In November 2000, the city’s Board of Examiners, Appeals and Condemnation (BEAC) ordered the owner to demolish or rehabilitate the structure within 30 days. Copies of the BEAC order were sent to the owner and trust deed holder, but the order was not recorded.
Before the deadline passed, a new entity acquired the property through foreclosure and got permits for repair work. The BEAC granted two extensions, until March 8, 2001, to complete the work.
However, in February 2001, Rahim Pashmaki purchased the property with a loan from Daaz Financial Services that was secured with a trust deed. Daaz assigned the trust deed to D&M Financial.
Ten days before the March 8 deadline, the city sent a 10-day notice of intent to demolish the building to the previous landowner. The city apparently took no further action, and a city building inspector learned in early April 2001 that Pashmaki was the new owner and D&M the new trust deed holder.
Over the next several months, the city sent Pashmaki a “Notice of Intent to Demolish,” a “Notice to Clean Premises,” and a “Notice to Pay Public Nuisance Abatement Levy,” and the city recorded a lien for costs to abate a nuisance. However, the city provided none of these documents to D&M.
On August 7 and 10, 2001, the city obtained warrants to inspect the property to prepare for demolition. The city mailed a copy of the August 7 warrant to D&M. The company received the warrant on August 13 — the same day it got the city’s “48-Hour Notice of Intent to Demolish.” Although D&M Financial immediately contacted the city, demolition commenced on August 14. D&M Financial later acquired the property for $70,500 cash.

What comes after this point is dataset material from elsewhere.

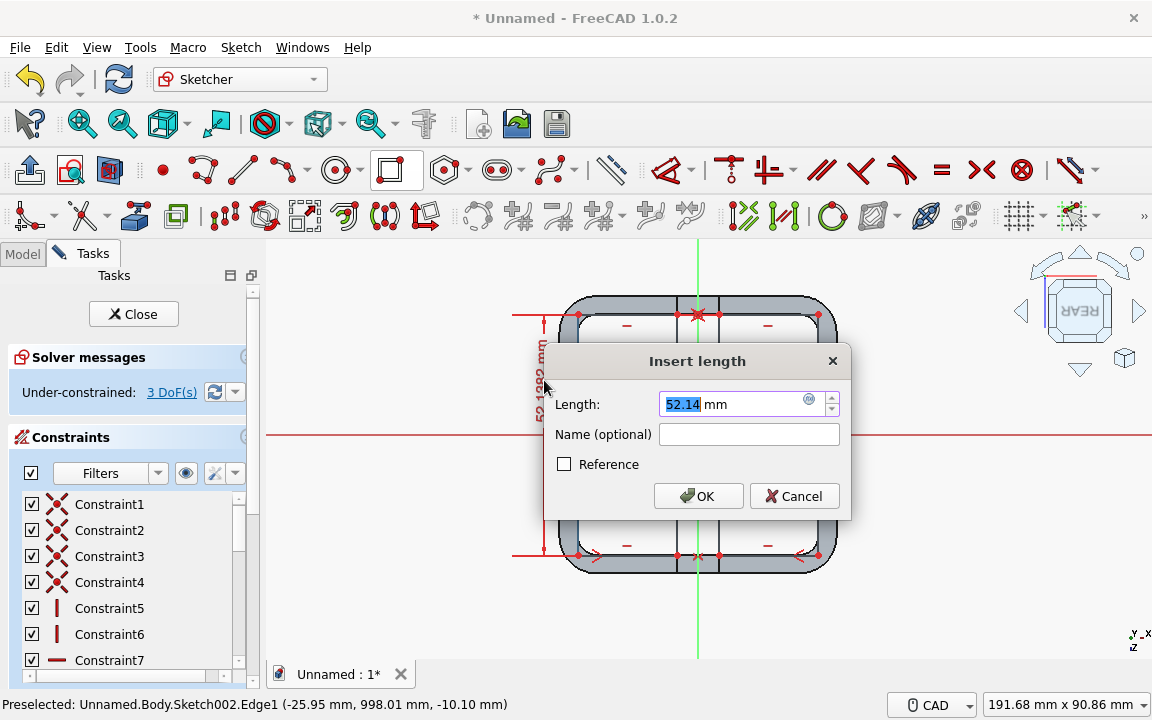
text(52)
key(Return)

D&M sued the city. Los Angeles County Superior Court Judge Gregory Alarcon found the city liable for damages totaling $273,500 based on the stipulated value of the building and the city’s refusal to remove a lien for the cost of demolition. The court also awarded D&M attorney fees and costs.
On appeal, the Second District ruled that D&M had sufficient ownership interest to bring an inverse condemnation action against the city, that the city violated its own ordinances and that the city failed to satisfy due process requirements.

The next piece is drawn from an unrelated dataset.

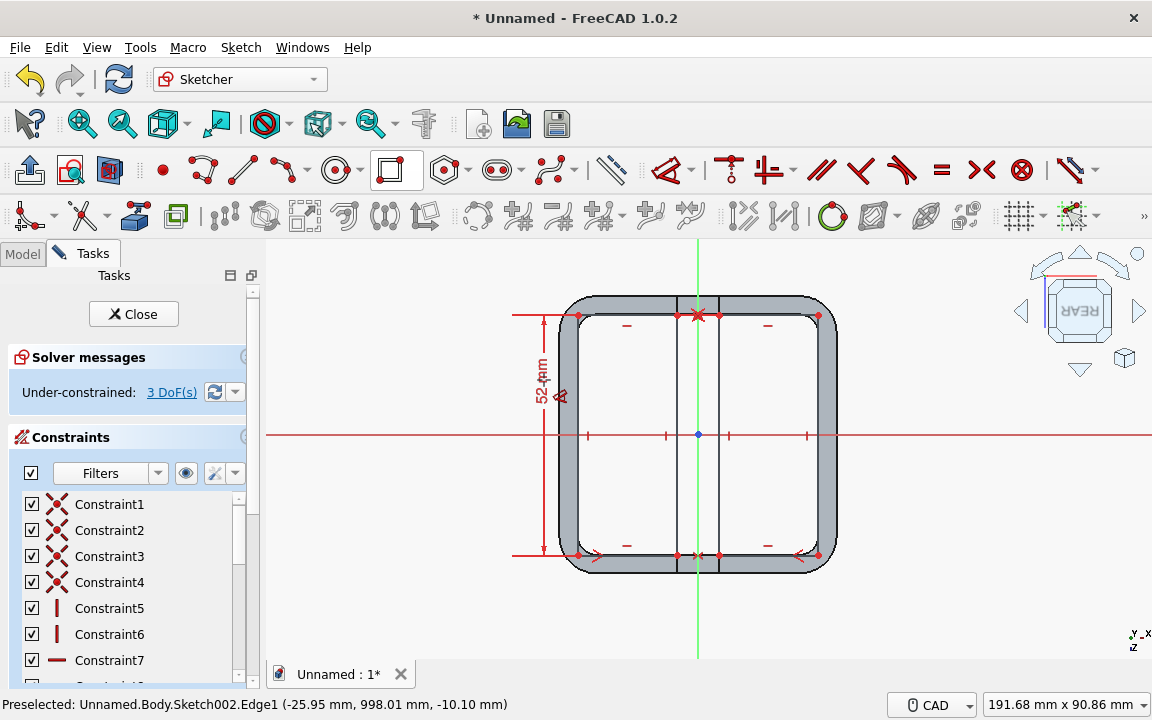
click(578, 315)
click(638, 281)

First, the court established that the trust deed provided sufficient ownership interest for D&M to be entitled to compensation for inverse condemnation. The court then turned to the adequacy of the city’s notice to the mortgage holder.
The city contended that the July 2000 recordation of substandard property put D&M on notice and satisfied due process requirements. The court disagreed, finding that demolition was only one possible outcome of the recorded notice. Repair, rehabilitation and vacation were also possibilities. Plus, the notice was recorded before the BEAC ordered the building demolished. When D&M acquired its interest in the property, there was no recorded notice of intention to demolish, the court noted.
The city’s own ordinance requires the city to provide mortgagees with notices of intent to demolish, the court pointed out. Additionally, the city learned four months before tearing down the building that D&M had an interest in the property. Yet the city sent D&M nothing until the last minute.
“Thus the city failed to comply with its own statutory notice requirements and its own procedures, even after it had actual knowledge of the interest of D&M Financial in the Henderson Avenue property,” Justice Patti Kitching wrote for the court.
This lack of notice affected D&M’s due process right. “Health and Safety Code § 17980, subdivision (b) codifies a property owner’s constitutional right to choose to repair or to demolish a building that is substandard or a nuisance,” Kitching wrote. “The city’s failure to provide notice to D&M Financial precluded D&M Financial from exercising its repair option, and thereby violated its due process rights.”
In an unpublished portion of the option, the court quickly dismissed the city’s argument that the BEAC’s determination the property was substandard precluded an award for inverse condemnation.
The Case:
D&M Financial Corporation v. City of Long Beach, No. B173977, 06 C.D.O.S. 935, 2006 DJDAR 1284. Filed January 30, 2006.